Ankara’da yaşayan Ahmet Can (22), Hacettepe Üniversitesi Maliye Bölümü’nde son sınıf öğrencisi. Aynı zamanda sırt çantalı bir gezgin. Fotoğraf çekmek ve yemek pişirmek hobisi. Gezginlerin buluştuğu bir kafede part-time çalışıyor. En büyük tutkusu seyahat: “Hiç tanımadığım bir şehirde yeni arkadaşlar edinmek, farklı kültürleri tanımak dünyanın en güzel duygusu.” Avrupa’da birçok ülkeyi sırt çantasıyla gezdi, eğitim için 5 ay Polonya’da yaşadı. Geçen yıl arkadaşlarıyla, bir öğrencinin kolayca yapabileceği, çok ucuz bir gezi planladı: “Konfor aramıyoruz. Dünyayı en ucuz şekilde gezme peşindeyiz. Yola çıkmadan iki hafta internet başındaydık. Rynair, Wizzair gibi en ucuz havayollarında bilet aradık. Wroclaw’la başlayan gezi Venedik, İbiza Town, Barselona, Brüksel ile devam etti ve Krakow’da sonlandı. Uçak 125.84 Euro’ya mal oldu. Tüm sırt çantamızın 10 kiloyu geçmemesine dikkat ettik. Seyahatimiz toplam 9 gün sürdü.”

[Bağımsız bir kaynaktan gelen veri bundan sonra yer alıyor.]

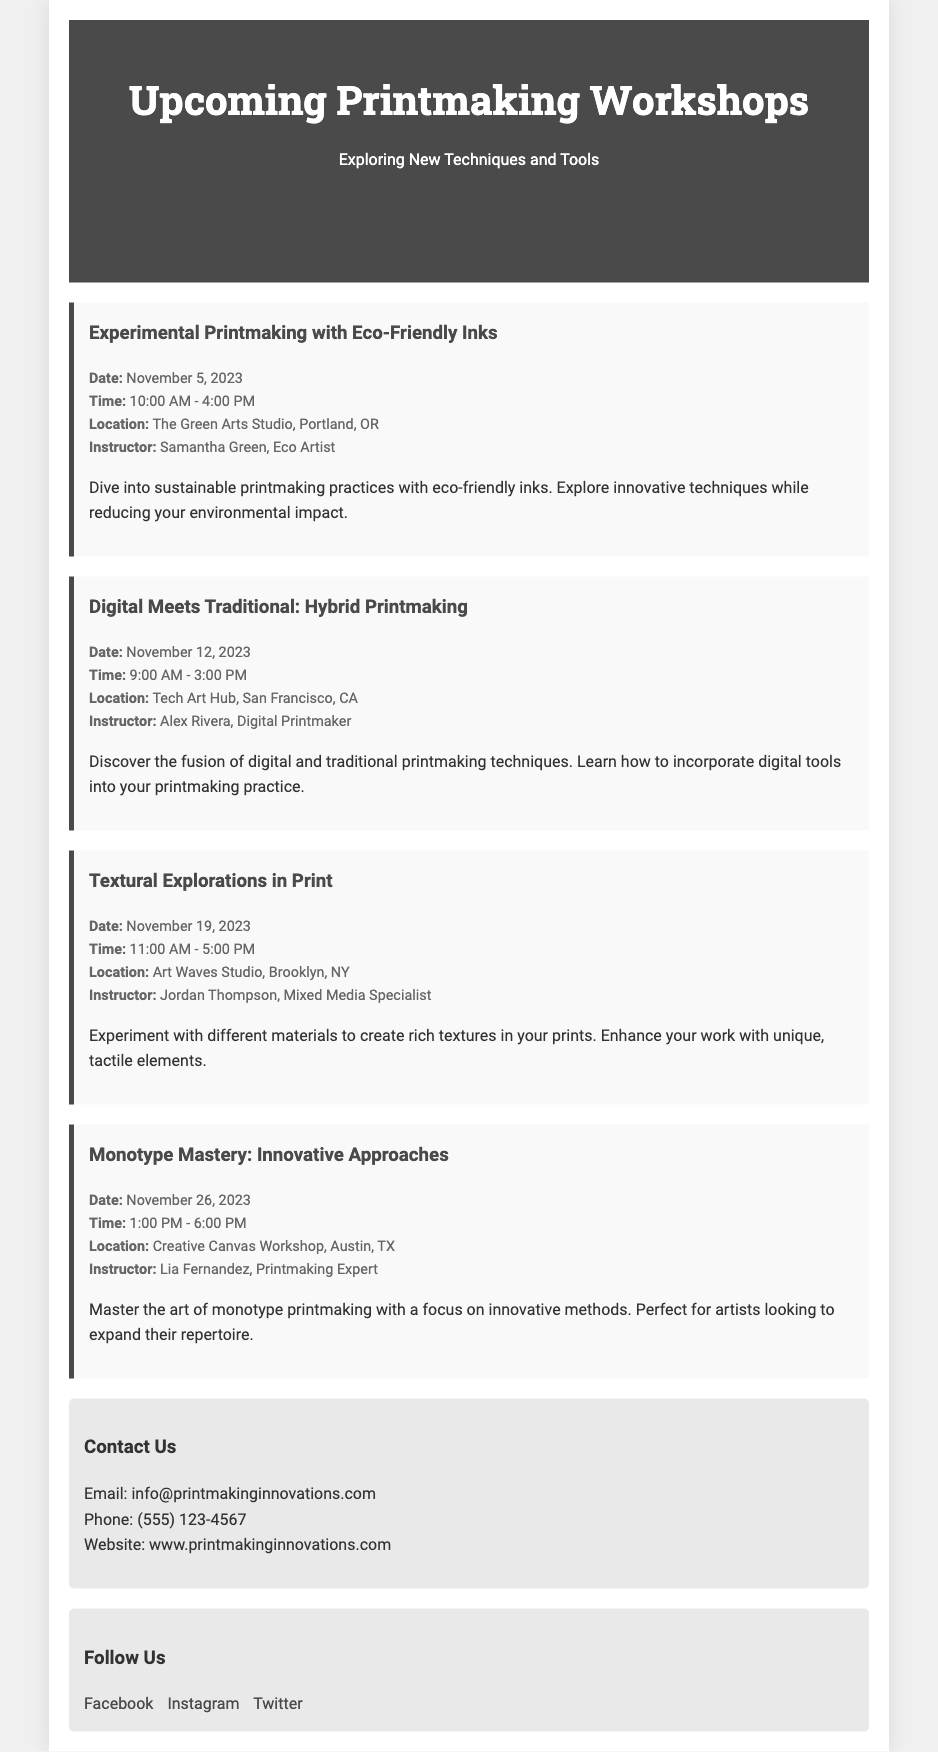What is the title of the flyer? The title of the flyer is the main heading at the top of the document, introducing the workshops.
Answer: Upcoming Printmaking Workshops What is the date for the "Experimental Printmaking with Eco-Friendly Inks" workshop? The date is specified alongside the event details of the first workshop listed.
Answer: November 5, 2023 Who is the instructor for the "Digital Meets Traditional: Hybrid Printmaking" workshop? The instructor's name is provided in the event details for the second workshop.
Answer: Alex Rivera What time does the "Textural Explorations in Print" workshop start? The starting time is mentioned in the event details of the third workshop.
Answer: 11:00 AM Which studio hosts the "Monotype Mastery: Innovative Approaches" workshop? The hosting studio is indicated in the location detail of the fourth workshop.
Answer: Creative Canvas Workshop How many workshops are listed in the document? The total number of workshops can be counted from the individual event sections in the main content.
Answer: Four What type of inks will be used in the "Experimental Printmaking" workshop? The type of inks is described in the short description of the first workshop.
Answer: Eco-Friendly Inks What is the primary focus of the "Monotype Mastery" workshop? The focus is mentioned in the explanation provided alongside the workshop details.
Answer: Innovative Approaches

WROCLAW ÖYLE GÜZEL Kİ UÇAĞIMIZI KAÇIRIYORDUK
Can, seyahat maceralarını şöyle anlatıyor:
“Arkadaşımla Polonya’nın Wroclaw kentine gittik. Diğerleriyle Venedik’te buluşacaktık. 2016 Avrupa’nın Avrupa Kültür Başkenti Wroclaw, ‘cüceler şehri’ olarak biliniyor. Her yerde cüce heykelleri gördüğünüz, rengârenk evleri olan şirin bir yer. Kentin büyüsüne kapılıp az kalsın uçağımızı kaçırıyorduk. Havaalanı otobüsünde, daha önce öğrenci değişim programıyla İstanbul’a gelmiş bir Polonyalıyla arkadaş olduk.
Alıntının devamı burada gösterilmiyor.